In my judgment, Mr Ayliffe QC is correct to say that this is a case where statute and not just the CPR requires the obtaining of permission from the court before derivative proceedings may be continued with. True it is that the detailed procedure and the timing of the application for permission are set out in the CPR. However, CA 2006 lays down that permission is required and that the court must deal with the matter by a two-stage process. Accordingly, I do not consider that there is scope for the operation of CPR r3.10 in this case. The defect is not simply one under the CPR but is a breach of statute such that CPR r3.10, which is limited to dealing with procedural errors under the CPR, cannot apply. The failure is to comply with the statute, albeit the detailed manner of compliance is set out in the CPR.
Accordingly, in my judgment, the question that arises is whether as a matter of statutory construction, the defect is treated as one that creates an irregularity but does not invalidate at all the steps taken to effect service and, if the steps are invalid, whether or not retrospective permission can be obtained under CA 2006.
Mr Ayliffe QC’s primary submissions were (a) that the failure to obtain permission to continue meant that service was not valid; and (b) that retrospective permission could not be obtained under the CA 2006. In this respect he relied upon Seal v Chief Constable of South Wales Police [2007] UKHL 31; [2007] 1 WLR 1910. In that case the Mental Health Act 1983 (the “MHA”) required leave of the High Court to be obtained prior to the institution of civil proceedings in respect of acts purporting to be done in pursuance of the Act. Following arrest the claimant had been removed to a place of safety purportedly pursuant to s136 MHA. He had commenced proceedings against the police authority for damages for, among other things, misuse of s136. However, he had not first obtained the necessary leave of the court. The claim was struck out as a nullity. The claimant, whose claim was now outside the limitation period for commencing claims, appealed. The matter eventually reached the House of Lords where the claimant’s ground of appeal was that the requirement for leave was directory rather than mandatory and that the situation could be remedied by a subsequent grant of leave with a stay of the proceedings in the meantime.
The House of Lords, by a majority, upheld the decision of the original judge that the proceedings were a nullity. The starting point was the words of s 139(2) that “No civil proceedings shall be brought…”. Although the language was “emphatic”, Lord Bingham pointed out that in two other areas, s285(3) of the Insolvency Act 1986 and s 17 of the Charitable Trusts Act 1853, proceedings brought without permission were not held to be a nullity (see respectively Re Saunders (A Bankrupt) [1997] Ch 60 and Rendall v Blair 45 Ch D 139).

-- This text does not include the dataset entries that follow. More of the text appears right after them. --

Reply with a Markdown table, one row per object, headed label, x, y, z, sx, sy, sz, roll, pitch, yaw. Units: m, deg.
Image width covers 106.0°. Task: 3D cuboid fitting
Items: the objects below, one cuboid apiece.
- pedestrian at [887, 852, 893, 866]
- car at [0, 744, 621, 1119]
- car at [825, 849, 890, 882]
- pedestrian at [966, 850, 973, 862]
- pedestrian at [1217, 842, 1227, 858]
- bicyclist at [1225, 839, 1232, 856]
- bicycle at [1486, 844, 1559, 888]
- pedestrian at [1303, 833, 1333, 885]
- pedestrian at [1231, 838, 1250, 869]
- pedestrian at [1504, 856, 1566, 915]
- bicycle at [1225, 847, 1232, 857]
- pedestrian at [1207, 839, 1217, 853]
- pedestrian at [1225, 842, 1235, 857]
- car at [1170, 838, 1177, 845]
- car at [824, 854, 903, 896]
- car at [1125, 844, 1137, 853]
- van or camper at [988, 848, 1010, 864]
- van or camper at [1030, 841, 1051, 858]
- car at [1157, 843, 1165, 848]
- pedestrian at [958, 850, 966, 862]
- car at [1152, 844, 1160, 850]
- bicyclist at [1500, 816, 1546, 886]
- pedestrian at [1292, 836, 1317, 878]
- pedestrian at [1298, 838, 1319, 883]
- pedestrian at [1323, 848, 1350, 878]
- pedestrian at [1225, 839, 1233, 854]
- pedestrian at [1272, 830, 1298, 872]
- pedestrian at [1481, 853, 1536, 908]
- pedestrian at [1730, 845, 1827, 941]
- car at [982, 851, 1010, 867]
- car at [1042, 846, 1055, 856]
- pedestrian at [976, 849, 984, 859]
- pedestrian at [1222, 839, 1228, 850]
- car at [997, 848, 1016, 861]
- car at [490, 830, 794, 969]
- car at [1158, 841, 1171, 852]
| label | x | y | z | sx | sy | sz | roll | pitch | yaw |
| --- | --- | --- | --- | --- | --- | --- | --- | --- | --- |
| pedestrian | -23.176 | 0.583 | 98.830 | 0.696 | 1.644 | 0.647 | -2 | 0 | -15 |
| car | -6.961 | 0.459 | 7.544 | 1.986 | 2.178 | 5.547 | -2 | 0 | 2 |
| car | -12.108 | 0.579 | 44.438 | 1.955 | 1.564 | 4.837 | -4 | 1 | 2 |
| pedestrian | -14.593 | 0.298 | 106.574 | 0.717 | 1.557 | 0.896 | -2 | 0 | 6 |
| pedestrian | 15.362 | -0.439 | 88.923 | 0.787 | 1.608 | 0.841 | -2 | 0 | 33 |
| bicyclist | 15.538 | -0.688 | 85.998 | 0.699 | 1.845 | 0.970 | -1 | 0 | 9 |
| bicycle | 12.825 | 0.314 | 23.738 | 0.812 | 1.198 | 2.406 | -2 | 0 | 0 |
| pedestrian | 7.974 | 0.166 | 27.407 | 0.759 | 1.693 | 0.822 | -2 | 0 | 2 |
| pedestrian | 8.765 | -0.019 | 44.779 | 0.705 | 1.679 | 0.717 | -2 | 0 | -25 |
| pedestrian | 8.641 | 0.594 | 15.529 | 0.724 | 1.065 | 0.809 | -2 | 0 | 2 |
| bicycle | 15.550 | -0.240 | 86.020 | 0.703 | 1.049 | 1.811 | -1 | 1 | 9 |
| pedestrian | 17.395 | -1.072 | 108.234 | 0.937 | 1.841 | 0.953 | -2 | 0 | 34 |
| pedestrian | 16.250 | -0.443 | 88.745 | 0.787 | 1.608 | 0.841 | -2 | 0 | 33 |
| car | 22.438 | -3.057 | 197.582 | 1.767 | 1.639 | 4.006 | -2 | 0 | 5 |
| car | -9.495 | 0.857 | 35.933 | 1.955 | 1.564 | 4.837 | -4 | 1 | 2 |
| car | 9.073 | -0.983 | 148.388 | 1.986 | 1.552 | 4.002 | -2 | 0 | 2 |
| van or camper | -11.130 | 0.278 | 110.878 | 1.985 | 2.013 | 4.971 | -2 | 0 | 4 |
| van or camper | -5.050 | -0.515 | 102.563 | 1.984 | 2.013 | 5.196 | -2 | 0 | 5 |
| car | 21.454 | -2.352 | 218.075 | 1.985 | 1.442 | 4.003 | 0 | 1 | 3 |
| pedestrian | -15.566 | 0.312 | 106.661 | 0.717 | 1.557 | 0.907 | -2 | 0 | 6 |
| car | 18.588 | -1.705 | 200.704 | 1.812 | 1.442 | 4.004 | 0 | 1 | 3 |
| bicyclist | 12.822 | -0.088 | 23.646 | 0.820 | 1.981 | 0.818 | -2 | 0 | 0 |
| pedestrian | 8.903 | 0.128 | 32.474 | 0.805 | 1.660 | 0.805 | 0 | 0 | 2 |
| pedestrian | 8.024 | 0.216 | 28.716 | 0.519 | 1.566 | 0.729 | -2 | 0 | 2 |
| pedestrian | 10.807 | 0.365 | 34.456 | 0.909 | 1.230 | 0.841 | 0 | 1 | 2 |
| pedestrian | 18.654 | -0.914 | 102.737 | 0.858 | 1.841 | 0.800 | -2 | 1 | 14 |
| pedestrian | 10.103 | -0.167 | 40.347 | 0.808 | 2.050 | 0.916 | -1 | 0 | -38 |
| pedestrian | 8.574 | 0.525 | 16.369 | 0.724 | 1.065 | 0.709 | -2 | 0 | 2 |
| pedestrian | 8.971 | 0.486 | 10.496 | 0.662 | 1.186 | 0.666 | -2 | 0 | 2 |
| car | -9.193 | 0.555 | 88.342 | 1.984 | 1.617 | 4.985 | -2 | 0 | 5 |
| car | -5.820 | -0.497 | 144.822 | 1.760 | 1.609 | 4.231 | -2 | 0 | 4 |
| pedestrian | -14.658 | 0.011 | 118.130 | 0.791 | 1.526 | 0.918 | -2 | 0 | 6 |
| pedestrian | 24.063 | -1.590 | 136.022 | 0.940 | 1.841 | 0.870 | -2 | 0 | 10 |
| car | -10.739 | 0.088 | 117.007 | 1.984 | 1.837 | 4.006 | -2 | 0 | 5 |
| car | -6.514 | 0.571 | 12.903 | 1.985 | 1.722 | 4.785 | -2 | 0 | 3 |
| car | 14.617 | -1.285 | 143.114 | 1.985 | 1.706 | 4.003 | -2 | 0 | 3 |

The variation in language between the three sections was “not so marked, as without more, to warrant a radically different conclusion, and the welcome tendency to prefer substance to form must generally discourage the invalidation of proceedings for want of compliance with a procedural requirement.” (see paragraph [7]).
S17 of the Charitable Proceedings Act 1853 provided:
“Before any suit, petition, or other proceeding (not being an application in any suit or matter actually pending) for obtaining any relief, order, or direction concerning or relating to any charity, or the estate, funds, property, or income thereof, shall be commenced, presented, or taken, by any person whomsoever, there shall be transmitted by such person to the said board, notice in writing of such proposed suit, petition, or proceeding, and such statement, information, and particulars as may be requisite or proper, or may be required from time to time, by the said board, for explaining the nature and objects thereof; and the said board, if upon consideration of the circumstances they so think fit, may, by an order or certificate signed by their secretary, authorize or direct any suit, petition, or other proceeding to be commenced, presented, or taken with respect to such charity, either for the objects and in the manner specified or mentioned in such notice, or for such other objects, and in such manner and form, and subject to such stipulations or provisions for securing the charity against liability to any costs or expenses, and to such other stipulations or provisions for the protection or benefit of the charity, as the said board may think proper; and such board, if it seem proper to them, may by such order or certificate as aforesaid require and direct that any proceeding so authorized by them in respect of any charity shall be delayed during such period as shall seem proper to and shall be decided by such board; and every such order or certificate may be in such form and may contain such statements and particulars as such board shall think fit; and (save as herein otherwise provided) no suit, petition, or other proceeding for obtaining any such relief, order, or direction as last aforesaid shall be entertained or proceeded with by the Court of Chancery, or by any Court or Judge, except upon and in conformity with an order or certificate of the said board. Provided always, that this enactment shall not extend to or affect any such petition or proceeding in which any person shall claim any property or seek any relief adversely to any charity.”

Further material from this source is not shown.